Understanding both the opportunities offered by improved data capture and sharing, and the risks of service fractures, can help to prioritise digital transformation efforts. Thinking in terms of a network instead of a simple chain is a fundamental starting point. It means moving beyond the immediate next tier and qualifying the extended network. A view of the immediate tier of suppliers should be expanded, ideally in collaboration with these businesses, to qualify points in the network (nodes) and assess their criticality. Assessing the data that is captured at critical nodes and if and how it is subsequently used and communicated can qualify the key connections between nodes that require, and will benefit from, digital connectivity. 

Qualifying risk across a supply network can be time consuming and difficult.
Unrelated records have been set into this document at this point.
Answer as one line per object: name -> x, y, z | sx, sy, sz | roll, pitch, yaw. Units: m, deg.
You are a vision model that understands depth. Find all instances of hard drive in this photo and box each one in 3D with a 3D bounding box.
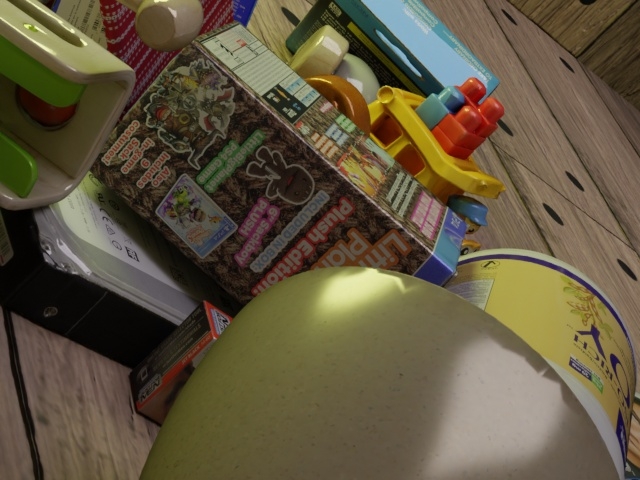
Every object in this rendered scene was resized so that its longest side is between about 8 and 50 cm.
hard drive -> -0.151, 0.019, 1.654 | 0.339, 0.064, 0.237 | 32, 23, -41

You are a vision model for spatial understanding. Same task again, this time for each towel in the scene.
towel -> -0.141, -0.204, 1.790 | 0.031, 0.199, 0.275 | 23, -30, 14

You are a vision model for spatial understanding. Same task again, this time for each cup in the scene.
cup -> 0.000, 0.214, 1.242 | 0.331, 0.331, 0.237 | 48, 43, 4

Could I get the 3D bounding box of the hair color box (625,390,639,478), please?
hair color box -> 0.279, 0.232, 2.094 | 0.374, 0.113, 0.185 | 25, 28, -51

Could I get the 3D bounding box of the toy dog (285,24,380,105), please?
toy dog -> -0.003, -0.152, 2.294 | 0.220, 0.161, 0.333 | 46, 3, 7

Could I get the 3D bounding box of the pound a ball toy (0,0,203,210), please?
pound a ball toy -> -0.248, -0.173, 1.491 | 0.319, 0.208, 0.136 | 35, 17, 13

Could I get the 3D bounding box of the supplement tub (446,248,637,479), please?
supplement tub -> 0.151, 0.168, 1.704 | 0.241, 0.241, 0.331 | 44, 23, -7

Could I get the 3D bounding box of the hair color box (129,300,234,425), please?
hair color box -> -0.061, 0.130, 1.568 | 0.167, 0.093, 0.053 | 35, 21, -32

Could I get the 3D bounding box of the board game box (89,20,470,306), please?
board game box -> -0.028, -0.037, 1.679 | 0.291, 0.141, 0.232 | 41, 12, -1

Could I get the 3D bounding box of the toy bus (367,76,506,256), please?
toy bus -> 0.116, -0.060, 2.018 | 0.220, 0.211, 0.149 | 55, 17, 18

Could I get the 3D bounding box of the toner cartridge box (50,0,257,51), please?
toner cartridge box -> -0.156, -0.232, 1.915 | 0.075, 0.165, 0.348 | 25, 3, 13

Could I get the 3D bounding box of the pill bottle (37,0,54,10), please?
pill bottle -> -0.262, -0.309, 1.921 | 0.176, 0.176, 0.318 | 48, 18, 5

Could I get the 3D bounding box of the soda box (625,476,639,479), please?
soda box -> 0.296, 0.330, 1.816 | 0.071, 0.067, 0.210 | -6, 90, -67

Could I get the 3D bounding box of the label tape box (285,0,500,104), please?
label tape box -> 0.100, -0.238, 2.460 | 0.240, 0.106, 0.333 | 45, -15, -3

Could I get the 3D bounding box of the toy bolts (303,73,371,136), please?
toy bolts -> -0.007, -0.037, 1.906 | 0.158, 0.218, 0.229 | 6, 59, -65
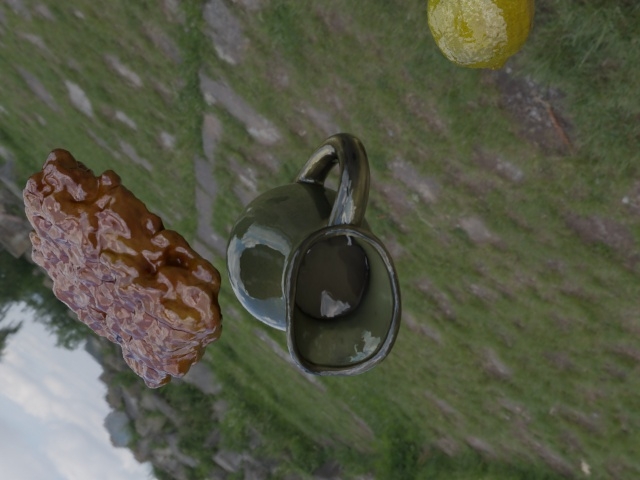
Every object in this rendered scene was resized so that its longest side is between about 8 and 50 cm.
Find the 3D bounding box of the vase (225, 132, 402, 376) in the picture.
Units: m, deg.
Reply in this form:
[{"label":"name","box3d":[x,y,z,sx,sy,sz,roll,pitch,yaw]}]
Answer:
[{"label":"vase","box3d":[0.000,0.000,1.004,0.241,0.329,0.302,10,-171,-22]}]

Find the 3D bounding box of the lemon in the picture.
[{"label":"lemon","box3d":[0.291,-0.420,1.219,0.192,0.192,0.231,13,137,52]}]

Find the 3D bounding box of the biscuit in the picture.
[{"label":"biscuit","box3d":[-0.276,0.054,0.934,0.312,0.110,0.318,43,147,3]}]
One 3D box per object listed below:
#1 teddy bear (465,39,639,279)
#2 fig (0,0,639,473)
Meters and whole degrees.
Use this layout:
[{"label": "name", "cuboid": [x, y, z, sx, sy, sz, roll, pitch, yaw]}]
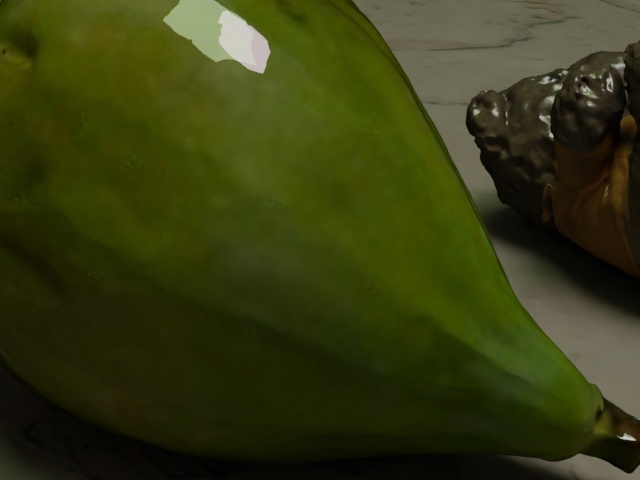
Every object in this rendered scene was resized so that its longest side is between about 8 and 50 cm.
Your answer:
[{"label": "teddy bear", "cuboid": [0.170, -0.039, 1.014, 0.177, 0.140, 0.190, 17, 5, -39]}, {"label": "fig", "cuboid": [-0.016, -0.022, 0.809, 0.314, 0.233, 0.233, 8, 25, 21]}]
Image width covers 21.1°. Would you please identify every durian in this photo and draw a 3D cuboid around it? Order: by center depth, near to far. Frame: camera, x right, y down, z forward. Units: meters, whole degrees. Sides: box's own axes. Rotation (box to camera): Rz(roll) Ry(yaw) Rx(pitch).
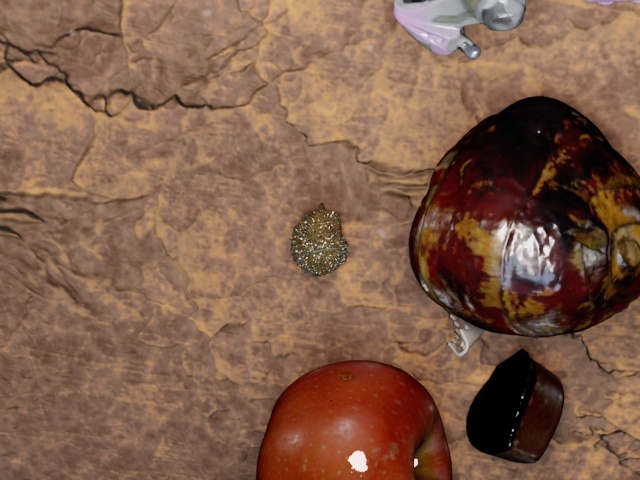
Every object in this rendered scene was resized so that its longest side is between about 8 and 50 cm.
[{"bbox_3d":[0.000,0.000,2.049,0.080,0.091,0.080,3,161,1],"label":"durian"}]

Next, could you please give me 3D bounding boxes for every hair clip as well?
[{"bbox_3d":[0.169,0.074,1.979,0.072,0.226,0.034,29,115,-20],"label":"hair clip"}]

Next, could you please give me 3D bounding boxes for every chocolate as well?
[{"bbox_3d":[0.254,0.217,2.118,0.080,0.125,0.149,20,120,-22],"label":"chocolate"}]

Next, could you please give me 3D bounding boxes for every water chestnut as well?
[{"bbox_3d":[0.230,-0.009,1.893,0.289,0.289,0.244,21,142,-3],"label":"water chestnut"}]

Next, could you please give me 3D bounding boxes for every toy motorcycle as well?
[{"bbox_3d":[0.208,-0.284,1.804,0.327,0.143,0.188,-2,131,-6],"label":"toy motorcycle"}]

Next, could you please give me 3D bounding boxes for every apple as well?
[{"bbox_3d":[0.041,0.277,2.104,0.216,0.260,0.260,-3,121,24],"label":"apple"}]
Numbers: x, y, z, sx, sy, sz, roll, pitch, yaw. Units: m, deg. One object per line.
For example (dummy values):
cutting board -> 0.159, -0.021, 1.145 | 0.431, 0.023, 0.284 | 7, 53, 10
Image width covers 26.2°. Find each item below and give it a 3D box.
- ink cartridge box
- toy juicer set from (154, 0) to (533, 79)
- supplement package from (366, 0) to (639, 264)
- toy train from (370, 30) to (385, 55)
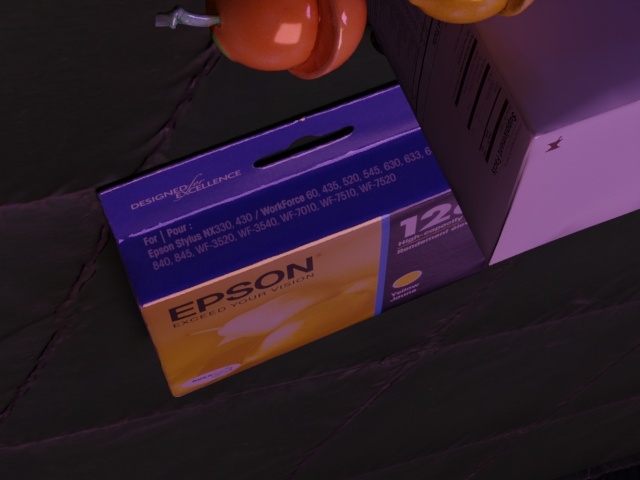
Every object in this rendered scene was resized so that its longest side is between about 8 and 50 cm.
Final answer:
ink cartridge box -> 0.000, 0.000, 1.070 | 0.304, 0.072, 0.307 | -21, 160, -7
toy juicer set -> 0.049, -0.178, 0.534 | 0.329, 0.089, 0.209 | -33, 118, 21
supplement package -> 0.140, -0.131, 0.715 | 0.194, 0.203, 0.149 | -19, 158, -10
toy train -> 0.094, -0.132, 0.908 | 0.158, 0.027, 0.036 | -4, 155, -40
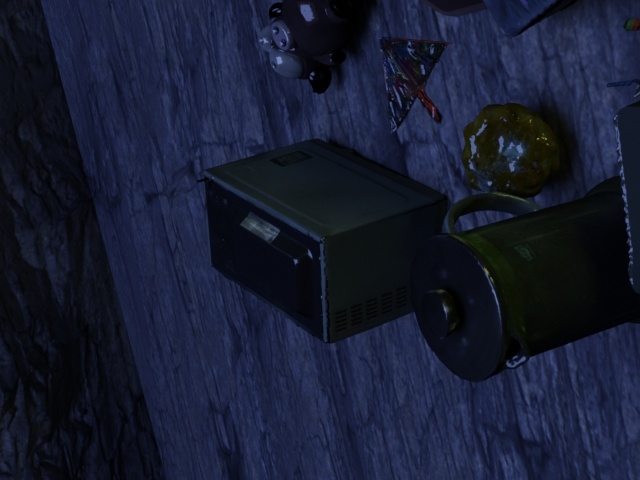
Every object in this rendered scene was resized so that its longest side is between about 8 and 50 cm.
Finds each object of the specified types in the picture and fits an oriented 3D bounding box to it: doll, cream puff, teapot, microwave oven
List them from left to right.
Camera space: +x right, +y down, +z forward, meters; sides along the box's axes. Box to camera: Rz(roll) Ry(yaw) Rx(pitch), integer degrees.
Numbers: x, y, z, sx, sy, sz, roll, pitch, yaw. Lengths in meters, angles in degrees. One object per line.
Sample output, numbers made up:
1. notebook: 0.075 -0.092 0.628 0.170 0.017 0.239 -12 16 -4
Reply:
1. doll: -0.014 -0.358 1.972 0.182 0.117 0.257 63 147 7
2. microwave oven: 0.000 0.000 1.972 0.355 0.286 0.218 29 130 46
3. cream puff: 0.268 -0.122 1.626 0.146 0.116 0.146 4 102 19
4. teapot: 0.261 0.031 1.482 0.270 0.337 0.200 51 143 36

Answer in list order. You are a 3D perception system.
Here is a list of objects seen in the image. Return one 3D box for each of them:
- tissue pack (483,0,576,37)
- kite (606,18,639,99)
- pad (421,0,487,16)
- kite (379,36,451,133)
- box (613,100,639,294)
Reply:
1. tissue pack: 0.250 -0.404 1.369 0.259 0.122 0.361 64 171 1
2. kite: 0.400 -0.246 1.341 0.160 0.010 0.182 24 95 61
3. pad: 0.131 -0.386 1.616 0.176 0.266 0.002 -1 65 59
4. kite: 0.142 -0.261 1.864 0.189 0.009 0.232 59 148 24
5. box: 0.433 -0.066 1.302 0.138 0.178 0.274 8 112 58
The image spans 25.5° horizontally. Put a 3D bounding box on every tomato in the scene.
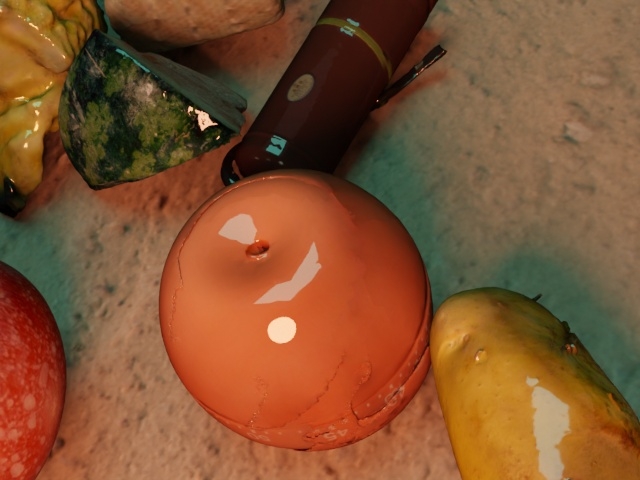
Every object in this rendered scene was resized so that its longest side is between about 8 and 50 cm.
[{"bbox_3d":[-0.347,0.140,1.206,0.270,0.227,0.270,-10,30,6],"label":"tomato"}]

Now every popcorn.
[{"bbox_3d":[-0.344,-0.225,1.487,0.293,0.293,0.237,29,59,34],"label":"popcorn"}]

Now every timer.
[{"bbox_3d":[-0.018,0.060,1.186,0.230,0.215,0.229,-12,51,15],"label":"timer"}]

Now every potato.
[{"bbox_3d":[0.173,0.159,1.071,0.140,0.173,0.300,-24,51,5],"label":"potato"}]

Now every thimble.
[{"bbox_3d":[-0.152,-0.355,1.526,0.195,0.291,0.291,-10,49,0],"label":"thimble"}]

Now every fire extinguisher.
[{"bbox_3d":[0.016,-0.135,1.410,0.141,0.105,0.341,26,68,10],"label":"fire extinguisher"}]

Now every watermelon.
[{"bbox_3d":[-0.160,-0.101,1.426,0.202,0.207,0.136,6,54,-31],"label":"watermelon"}]
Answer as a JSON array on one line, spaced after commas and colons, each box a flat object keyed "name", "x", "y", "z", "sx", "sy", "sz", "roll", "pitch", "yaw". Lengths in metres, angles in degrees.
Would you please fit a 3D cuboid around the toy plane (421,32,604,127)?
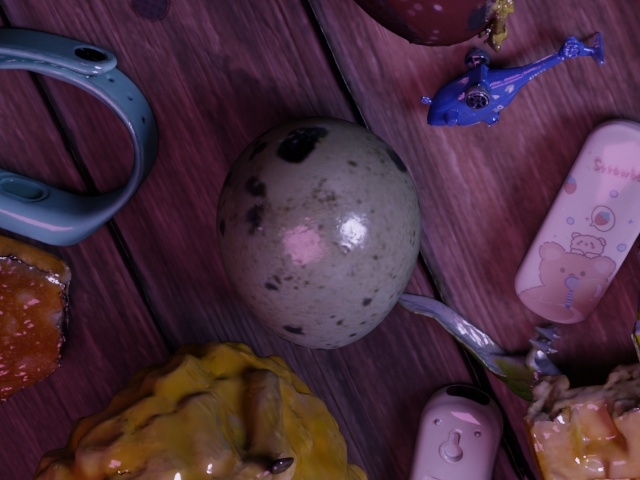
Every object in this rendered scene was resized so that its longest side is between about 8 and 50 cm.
[{"name": "toy plane", "x": 0.158, "y": -0.132, "z": 1.582, "sx": 0.167, "sy": 0.054, "sz": 0.062, "roll": -26, "pitch": 132, "yaw": 30}]

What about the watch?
[{"name": "watch", "x": -0.269, "y": -0.099, "z": 1.734, "sx": 0.237, "sy": 0.068, "sz": 0.195, "roll": 20, "pitch": 121, "yaw": 7}]

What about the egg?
[{"name": "egg", "x": 0.000, "y": 0.000, "z": 1.632, "sx": 0.177, "sy": 0.177, "sz": 0.228, "roll": 8, "pitch": 133, "yaw": 15}]

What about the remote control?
[{"name": "remote control", "x": 0.120, "y": 0.235, "z": 1.798, "sx": 0.078, "sy": 0.042, "sz": 0.221, "roll": 16, "pitch": 122, "yaw": 11}]

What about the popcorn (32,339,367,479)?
[{"name": "popcorn", "x": -0.135, "y": 0.262, "z": 1.735, "sx": 0.382, "sy": 0.349, "sz": 0.349, "roll": -11, "pitch": 115, "yaw": 39}]

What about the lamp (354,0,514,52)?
[{"name": "lamp", "x": 0.083, "y": -0.232, "z": 1.503, "sx": 0.135, "sy": 0.156, "sz": 0.157, "roll": -52, "pitch": 133, "yaw": -3}]

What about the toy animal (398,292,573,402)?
[{"name": "toy animal", "x": 0.170, "y": 0.096, "z": 1.705, "sx": 0.217, "sy": 0.041, "sz": 0.075, "roll": 37, "pitch": 131, "yaw": 1}]

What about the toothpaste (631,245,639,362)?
[{"name": "toothpaste", "x": 0.422, "y": 0.048, "z": 1.540, "sx": 0.327, "sy": 0.110, "sz": 0.077, "roll": -7, "pitch": 134, "yaw": 22}]

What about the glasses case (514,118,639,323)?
[{"name": "glasses case", "x": 0.231, "y": -0.014, "z": 1.615, "sx": 0.081, "sy": 0.051, "sz": 0.204, "roll": 26, "pitch": 123, "yaw": 6}]

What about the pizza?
[{"name": "pizza", "x": -0.319, "y": 0.081, "z": 1.857, "sx": 0.147, "sy": 0.069, "sz": 0.226, "roll": 2, "pitch": 124, "yaw": -6}]

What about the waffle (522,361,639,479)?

That said, using artificial intelligence (AI) based analytics can provide a step change in capability. Capturing publicly available data and working in collaboration with immediate tier suppliers can quickly help understanding of network connectivity and vulnerabilities. 


Supply chain management is not a departmental function; it is fundamentally about the co-ordination of processes across internal activities and other organisations in a network. Organisational designs along with roles and responsibilities need to be shaped such that they support collaboration and focus teams across the business on common priorities. Incentives and key performance measures are critical in shaping behaviours and resulting actions and should drive alignment. ‘Creative tension’ in performance indicators for commercial and operational teams is a myth that creates unnecessary conflict and often leads to perverse decisions. 

Combining targeted skills training, process oriented organisational structures, and coherent incentives provides a powerful foundation for supply chain excellence. If people are an afterthought, then no technical masterpiece of supply chain design will save the business from struggle and potential failure. 

At the onset of a crisis, immediate actions to try and gain some semblance of control and stability are necessary and understandable. As we start to plot a path forward and resilience plays an increased role in decision making, we have the opportunity to take a more sophisticated, data-driven approach, to reshape supply networks. Prior assumptions and processes that held under relatively benign conditions have been challenged; those businesses that adapt are more unlikely to succeed in a complex, uncertain, and volatile world.